Il malcontento tuttavia non cessò e ne approfittarono le potenze straniere, incitando rivolte e suscitando congiure. Più famosa restò quella di Giulio Cesare Vacchero, che cercò invano di provocare una sommossa per favorire le intenzioni del Duca di Savoia; egli fu scoperto e decapitato nel 1628. Cinque anni dopo un altro Vacchero tentò una nuova congiura ed anche lui fu condannato a morte. La Repubblica decise di premunirsi, alzando una nuova cinta di mura fortificate, ma non tralasciò le opere pubbliche, poiché in quel tempo fece costruire il nuovo molo ed aprì nuove strade. Né vennero meno le utili opere di beneficenza: il genovese B. Bosco, nel secolo prima, aveva fondato l’Ospedale di Pammatone, in seguito Ettore Vernazza aveva istituito la società di soccorso “del Mandiletto”, e, poco dopo, aveva fondato l’ospedale degli incurabili. Nel 1656 Genova fu colpita da una gravissima epidemia di peste.
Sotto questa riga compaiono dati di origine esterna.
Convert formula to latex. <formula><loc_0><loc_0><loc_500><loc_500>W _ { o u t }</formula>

A questa calamità si aggiunsero altre congiure e lotte intestine; in seguito si verificò il prepotente intervento di Luigi XIV nelle cose interne e nei commerci di Genova, a cui voleva imporre la sua volontà. La Repubblica rifiutò fieramente di accettare tali pretese e sostenne un lungo bombardamento dell’armata francese, infine, spossata ed affamata, dovette cedere.